3) Infine, un'altra caratteristica dell'approccio di Benedetti al paziente psicotico (e non alla psicosi come categoria in sé) è l'elemento ermeneutico. In tal senso si concretizza nella prassi quanto finora detto in una "attenzione assoluta" per i significati e per i simboli portati nella relazione. L'elemento ermeneutico è utile non solo per la comprensione del vissuto del paziente, ma anche per la strutturazione della terapia stessa. Dunque il terapeuta non ha in mente un'immagine ideale del paziente e dei processi che dovrebbero verificarsi necessariamente. Benedetti comincia a pensare al paziente come essere singolo con caratteristiche sue e in questo modo già se lo immagina e lo riconosce come potenzialmente costui è. In tal senso, questo atteggiamento assomiglia alla revérie materna in cui la madre si crea "naturalmente" un'immagine prospettica del suo bambino.

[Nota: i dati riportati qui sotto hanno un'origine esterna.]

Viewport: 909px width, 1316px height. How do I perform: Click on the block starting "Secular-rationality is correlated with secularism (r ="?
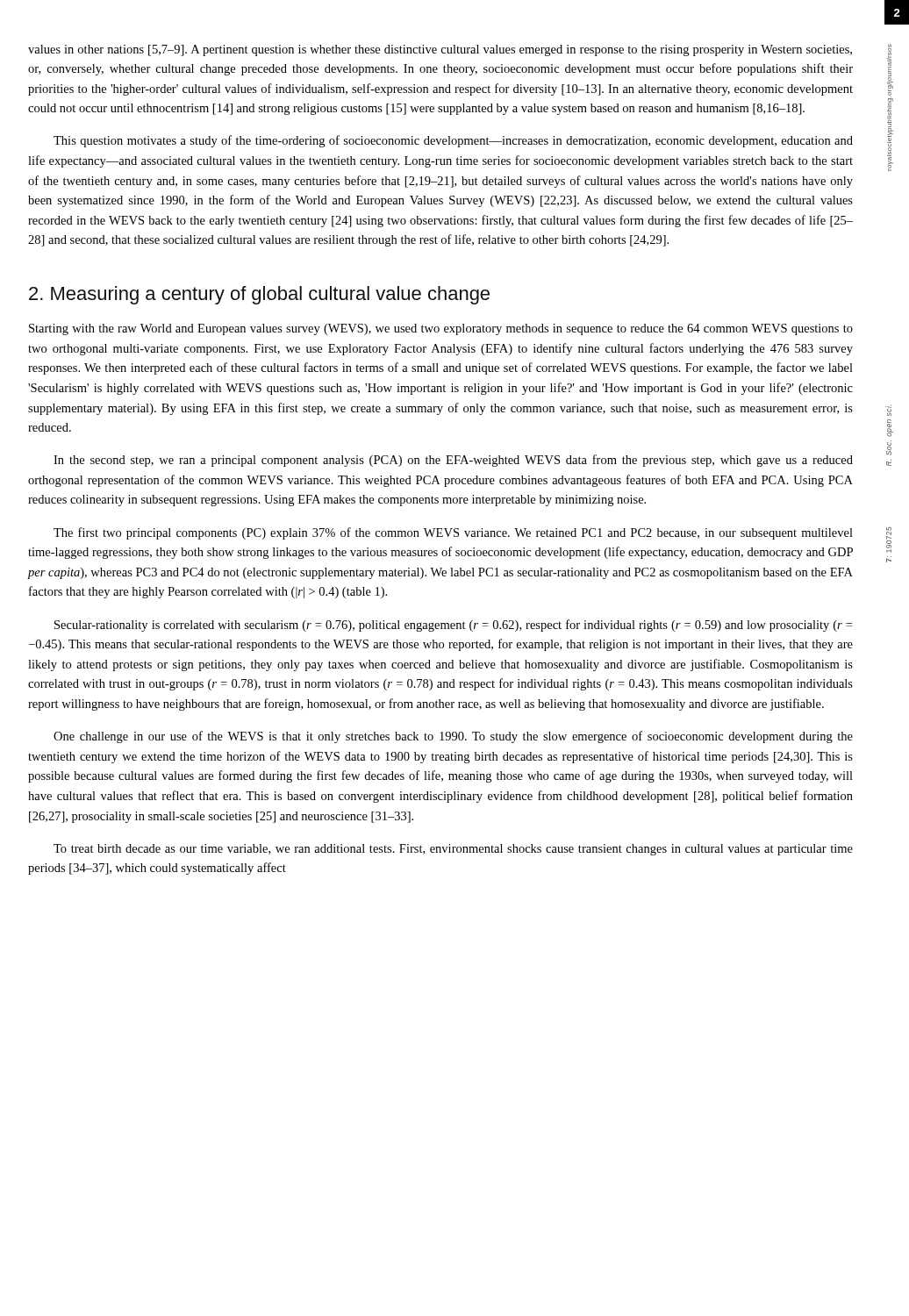(x=440, y=664)
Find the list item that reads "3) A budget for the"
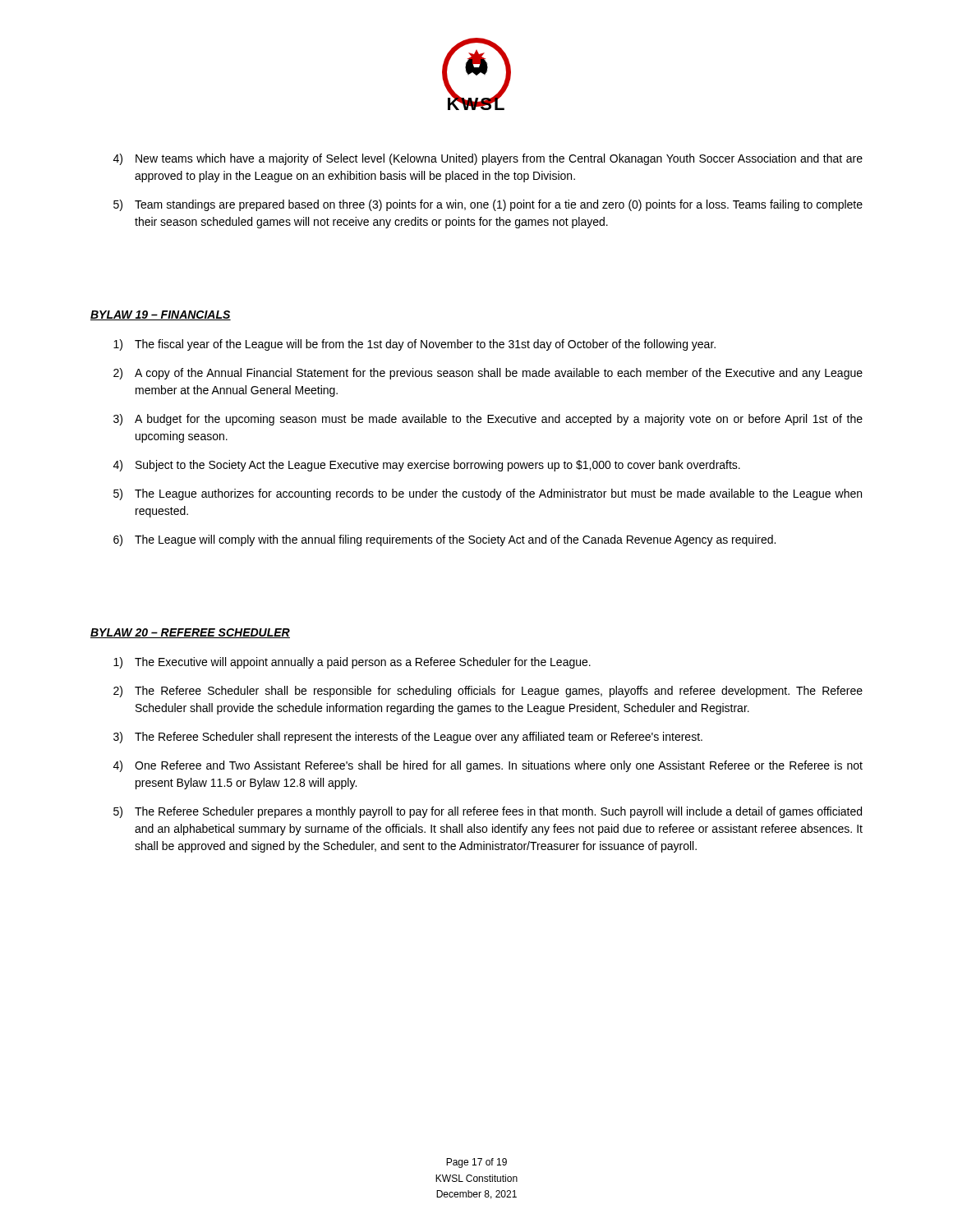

Egli, rispecchiandosi in tale immagine, ha la possibilità di sussumere un primo simbolo del sé.
In questo lavoro mi propongo di analizzare, dunque, il valore del simbolo quand'esso venga riconosciuto e significato all'interno di una relazione attraverso un processo ermeneutico.
Ravviso in tale atteggiamento la potenza innovativa della terapia dello psicotico secondo Gaetano Benedetti.